ACTIVITY: Please copy each line of the records below that includes the word "roll".

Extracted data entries
===
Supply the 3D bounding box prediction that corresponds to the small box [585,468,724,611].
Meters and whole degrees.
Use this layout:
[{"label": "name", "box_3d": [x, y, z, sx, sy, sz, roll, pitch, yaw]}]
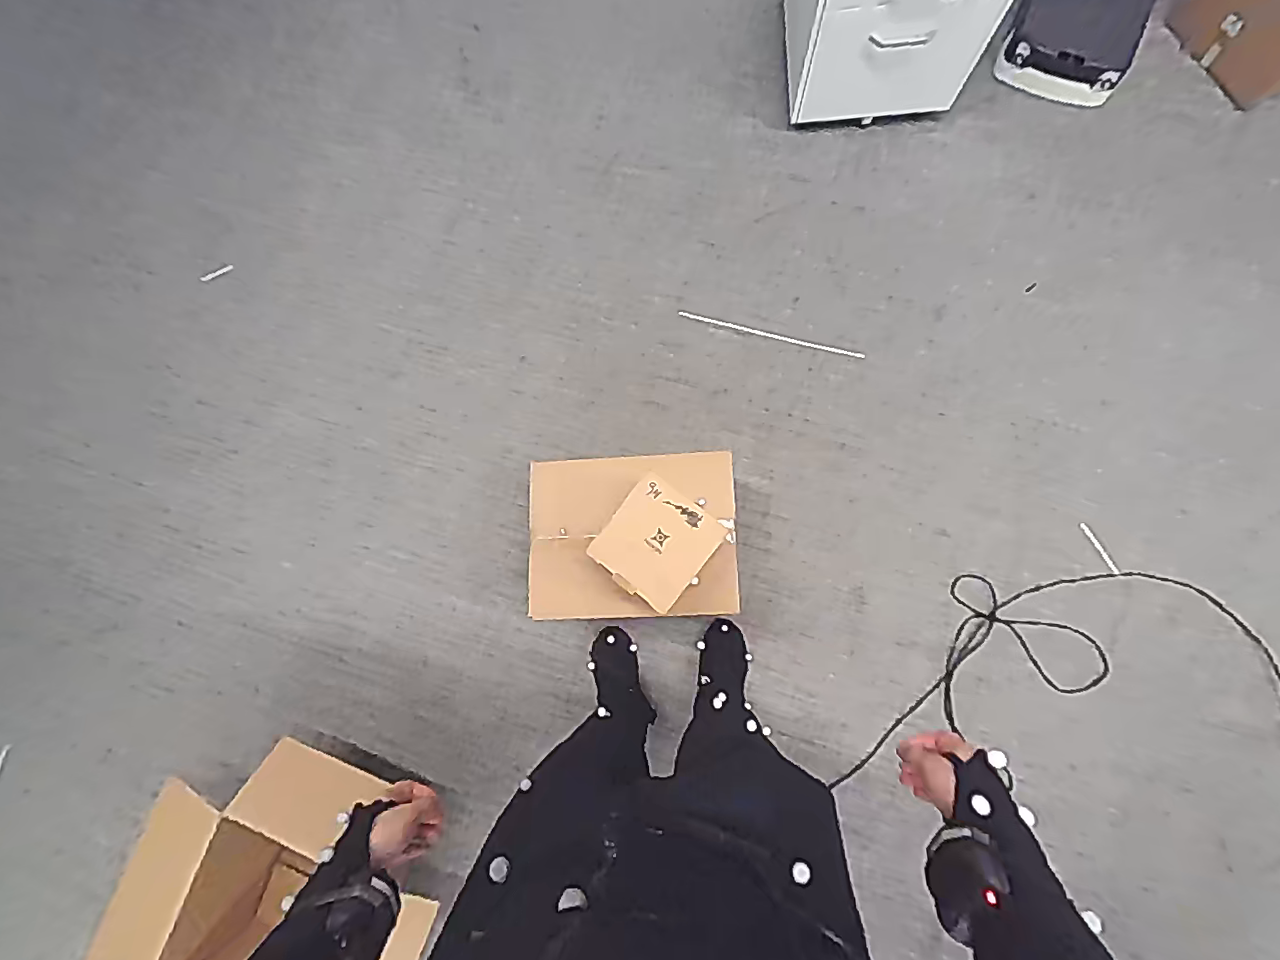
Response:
[{"label": "small box", "box_3d": [0.032, 0.103, 0.953, 0.168, 0.176, 0.179, 38, 89, 8]}]
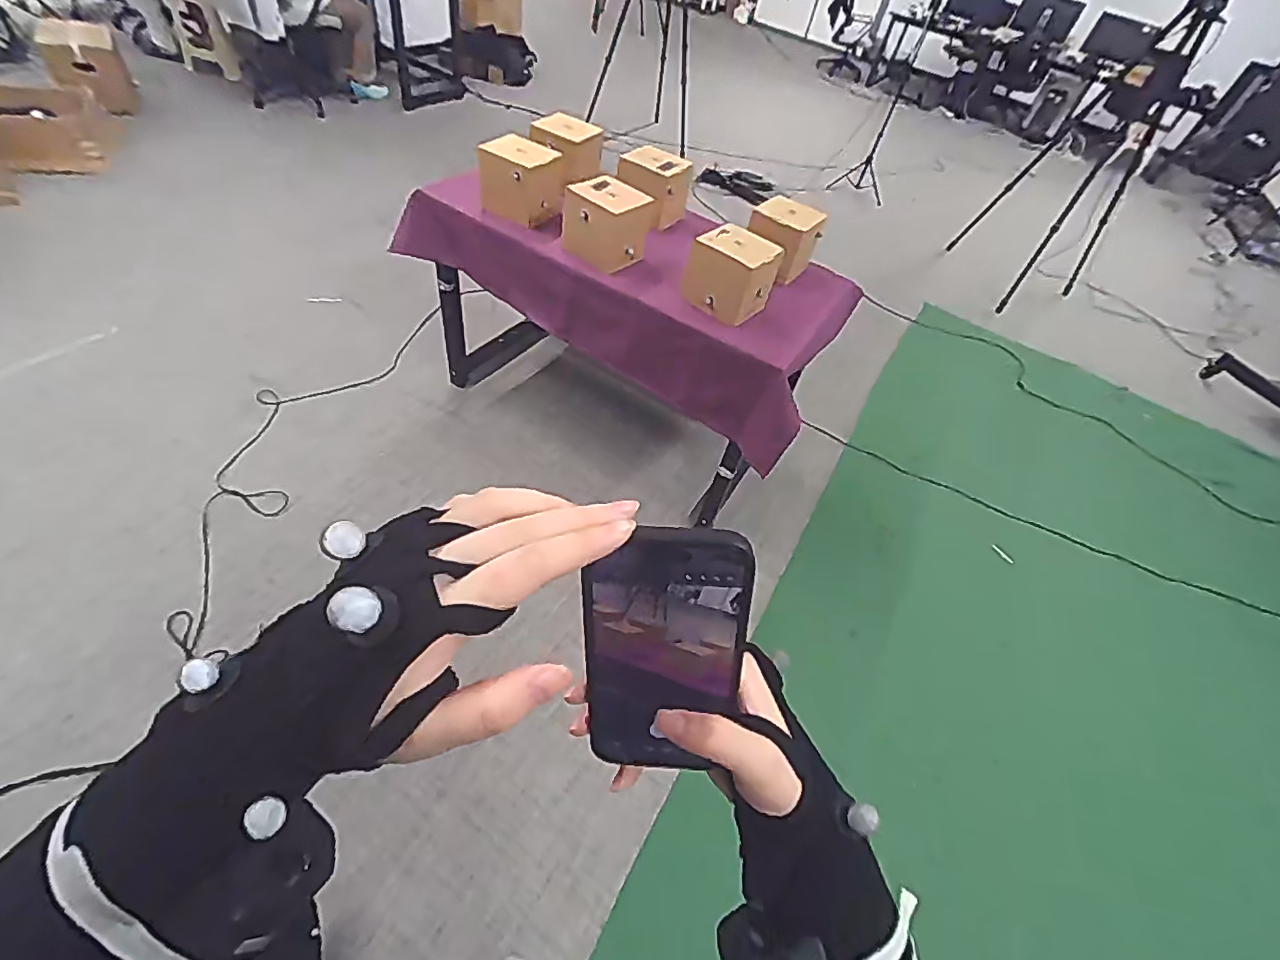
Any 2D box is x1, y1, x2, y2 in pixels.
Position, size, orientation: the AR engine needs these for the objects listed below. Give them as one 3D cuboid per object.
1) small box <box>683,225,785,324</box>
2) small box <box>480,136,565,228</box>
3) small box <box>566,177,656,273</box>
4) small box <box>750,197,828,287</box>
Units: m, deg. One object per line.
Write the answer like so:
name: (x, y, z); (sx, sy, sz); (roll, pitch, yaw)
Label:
small box: (0.240, -0.528, 1.407); (0.179, 0.176, 0.168); (37, 51, 18)
small box: (-0.339, -0.858, 1.558); (0.179, 0.176, 0.168); (27, 49, 9)
small box: (-0.086, -0.693, 1.474); (0.179, 0.176, 0.168); (36, 52, 17)
small box: (0.419, -0.703, 1.597); (0.168, 0.176, 0.179); (33, 52, 17)
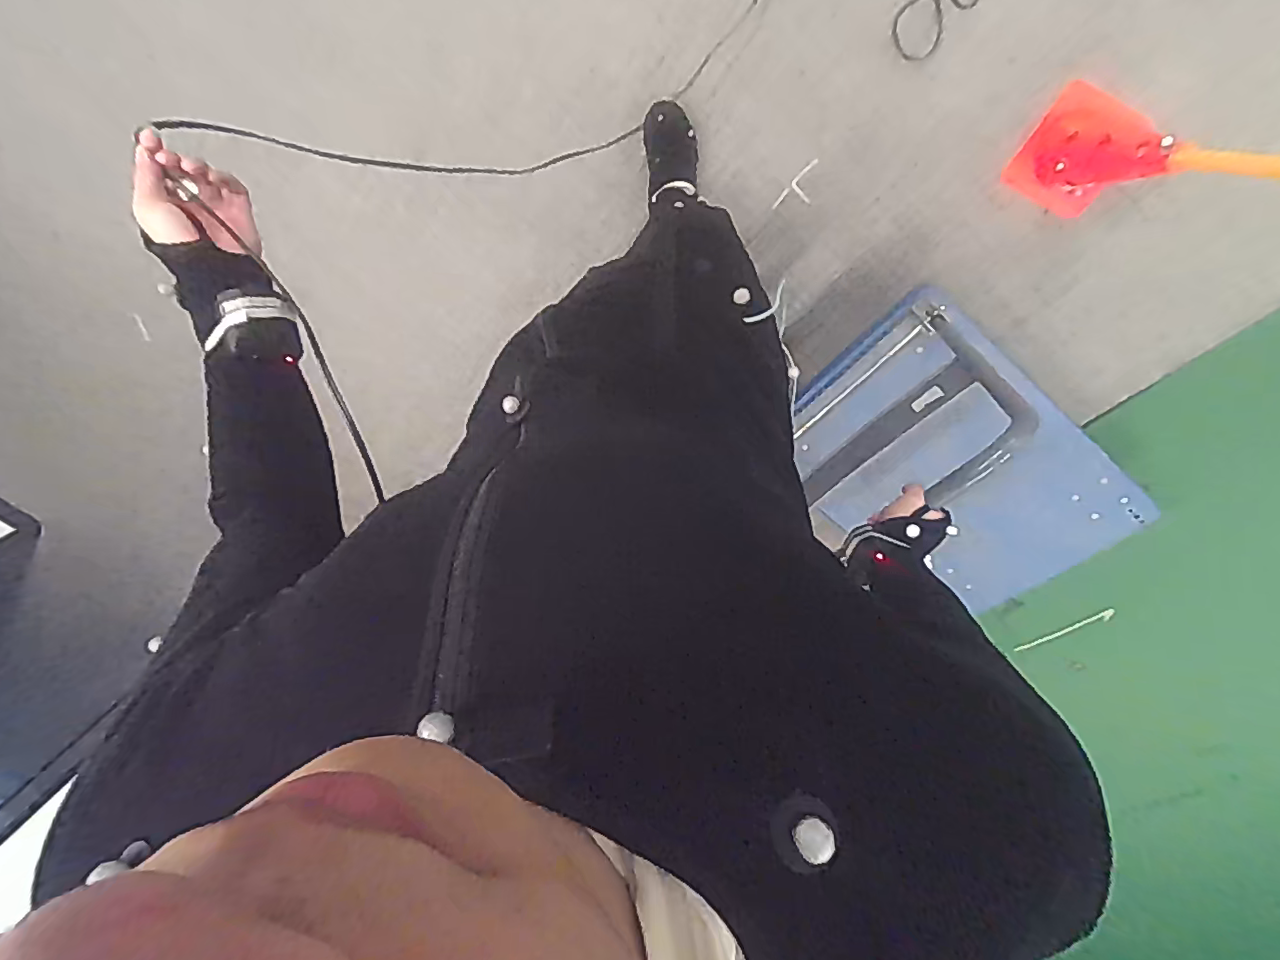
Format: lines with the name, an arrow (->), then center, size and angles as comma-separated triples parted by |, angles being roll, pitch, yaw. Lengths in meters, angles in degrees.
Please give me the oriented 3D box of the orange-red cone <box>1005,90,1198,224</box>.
orange-red cone -> 0.887, -0.587, 0.998 | 0.198, 0.360, 0.199 | 27, 122, -6
===
RESULT OF THE EXERCISE:
[{"label": "name", "box_3d": [x, y, z, sx, sy, sz, roll, pitch, yaw]}]
name: (x, y, z); (sx, sy, sz); (roll, pitch, yaw)
Format: lines with the name, an arrow (->), then center, size and angles as comma-separated triples parted by |, angles being roll, pitch, yaw. Lengths in meters, angles in degrees.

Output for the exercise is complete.